GbpUsd Many thanks to the UK PMI data and post-Fed USD sell-off yesterday as we cheerfully witnessed GBPUSD rallying all the way up through 1.6105 resistance (15 Oct high) and on to our bullish flag target 1.6160 –banking nearly 200 pips of profit. With the 2-week uptrend channel still looking strong, the pair is flying on the wings of good bids, and as mentioned in previous reports, now that 1.6105 has been cleared, there are few discernible pockets of supply expected above. The upper edge of the 2-week uptrend is coming in around 1.6235 with the 1.6275 level (26 Jan high) just behind–beyond those levels we’re looking at a return to 1.6460.As a long-tormented Brit myself, I’m pushing for this pair to go all the way back to 2.0000 so we can start planning a shopping trip to New York, come on the pound! Expect 2-week trendline support to precipitate on any dips towards 1.6000-10 today (especially considering its coincidence with the 1.6000 psychological level). Further down, supports are eyed at last Friday’s lows 1.5875, 1.5730 (27 Oct low), 1.5727 (50-day moving average), 1.5650 (20 & 22 Oct high), and 1.5600 (22 Sep low).
UsdJpy Interesting developments in USDJPY yesterday; the first surprise we were not expecting at all was the successful completion of the bullish triangle pattern on the hourly chart (hitting the 81.35 target) –before the Fed fireworks even took place! Kudos to those who were brave and willing enough to play that one, we’re holding our hands up right now that we wanted nothing to do with a 60-70 pip bullish strategy ahead of Bernanke & co’s announcement, but that’s just us. What was more significant in our view, was that straight after the Fed announcement, the ensuing whipsaw of volatility did not even look close to re-threatening the 80.21 lows (31 Oct), which makes us cautious there may be a lot of frustrated bears out there wanting to cut shorts.
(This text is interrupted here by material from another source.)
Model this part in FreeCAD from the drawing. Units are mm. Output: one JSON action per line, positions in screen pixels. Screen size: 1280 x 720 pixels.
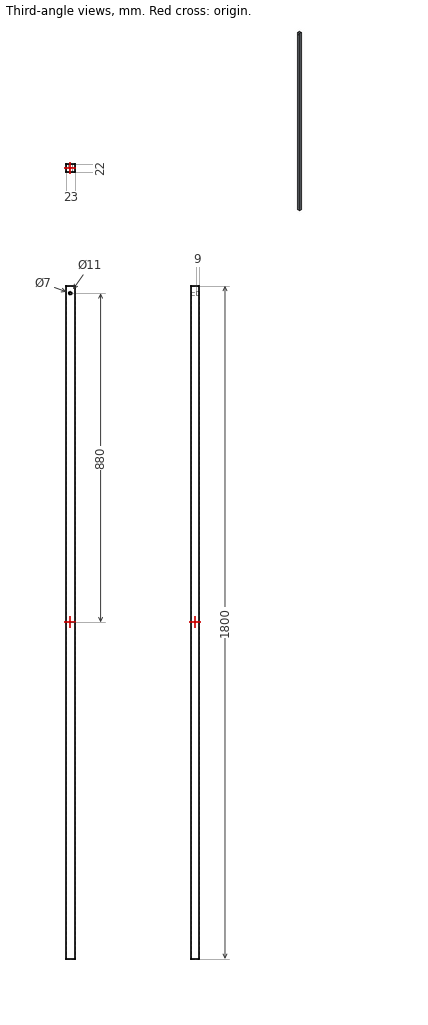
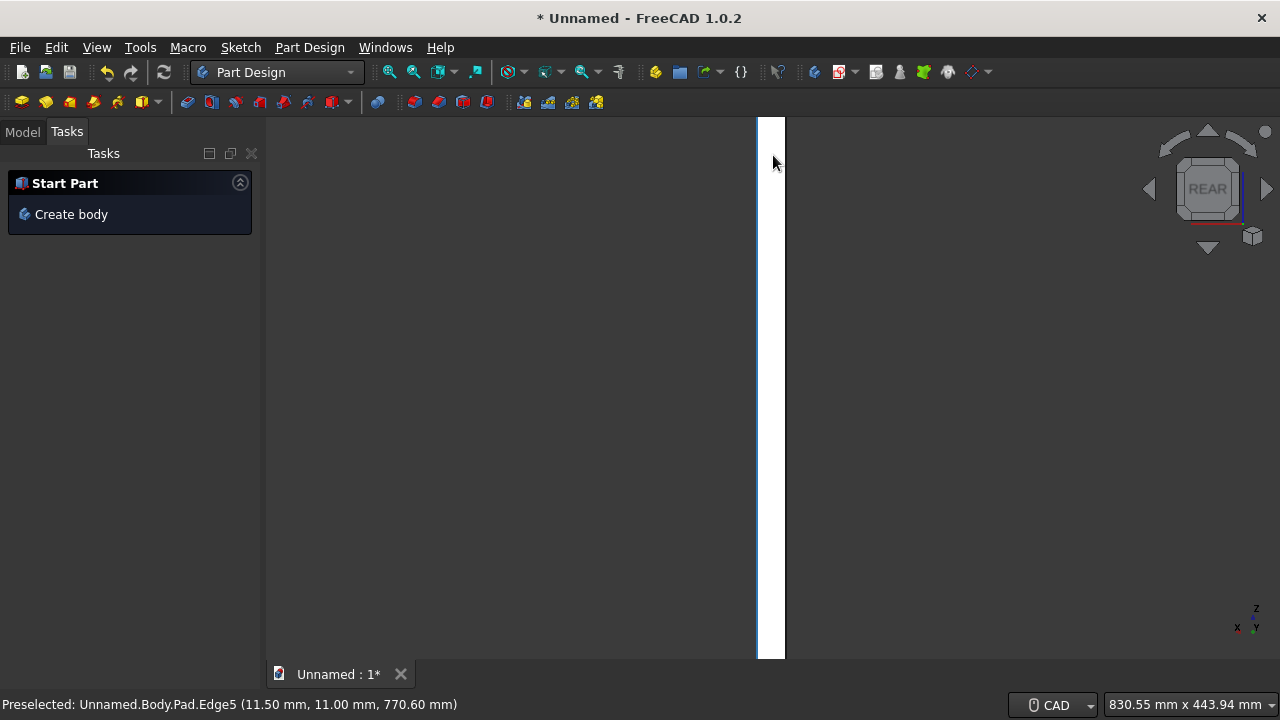
{"action": "left_click", "coordinate": [771, 157]}

There is a nascent uptrend channel forming on the hourly chart which should entice buyers around 80.80, so combined with the disappointing price action yesterday we’re no longer as gung-ho about piling in on shorts. Really we’d need a push down through 80.21 and probably a closing break below 79.76 (the 1995 all-time lows) to re-entice us into the short trade again. Above us, a downtrend vibration is eyed at 81.55, then that 82.00-35 zone remains a major hurdle for any rallies (82.00 has been unconquerable since mid October despite a number of attacks, 82.35 is the 12 Oct high). Nevertheless, the signs are definitely beginning to point to a reversal higher for this pair, so keep watching.
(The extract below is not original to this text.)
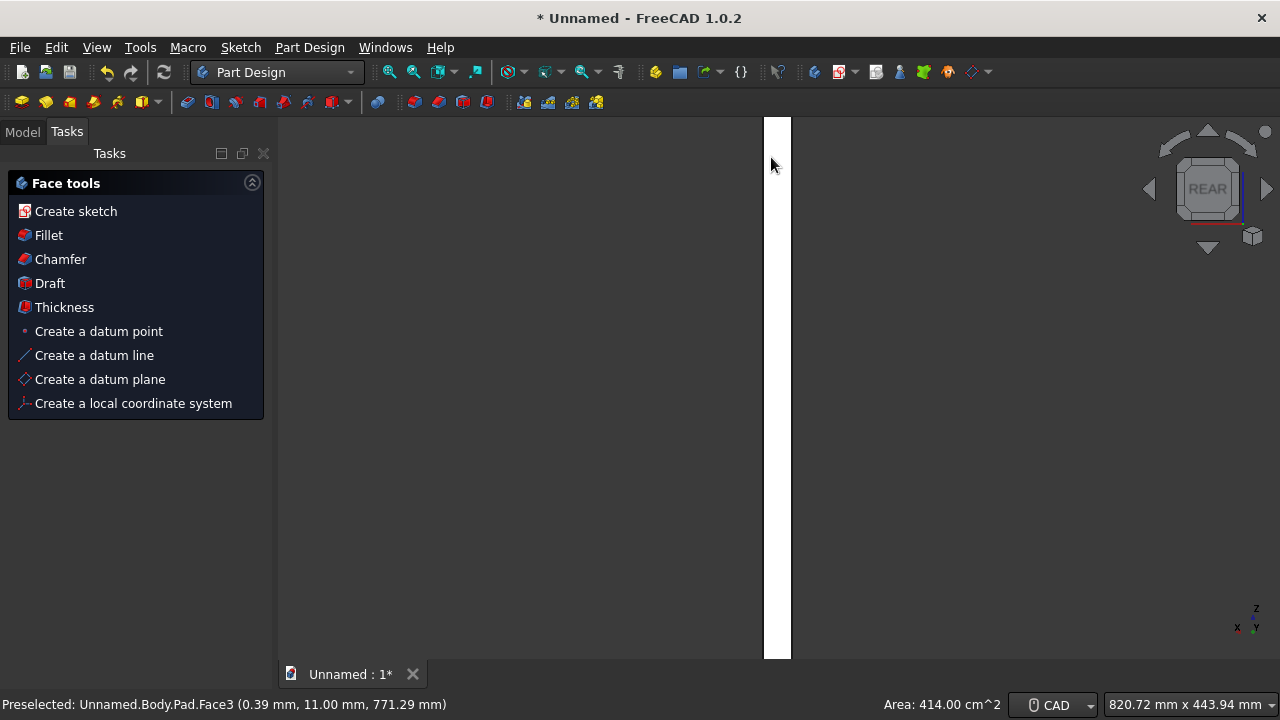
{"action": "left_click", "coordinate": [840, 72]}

UsdChf Wowzers, things moving fast in USDCHF! We left this one yesterday just after it had broken down through its 3-week uptrend channel, and since then it has not only carved out a bearish flag pattern on the hourly chart, but activated that pattern by plunging through 0.9780, and is well on its way towards its target 0.9630. On the downside, we eye pockets of demand at 0.9665 (25 Oct low), 0.9570 (20 Oct low) and 0.9540 (18 Oct low) –but really with Swiss fundamentals continuing to look strong, the bears like us will be wanting to push for a return to the all-time low 0.9464 (seen on 14 Oct). Sellers will be lurking above us on any rallies back towards 0.9740-60, with the back side of the 3-week uptrend channel currently around 0.9865. Say farewell to parity folks, I doubt we’ll be getting close to that one again.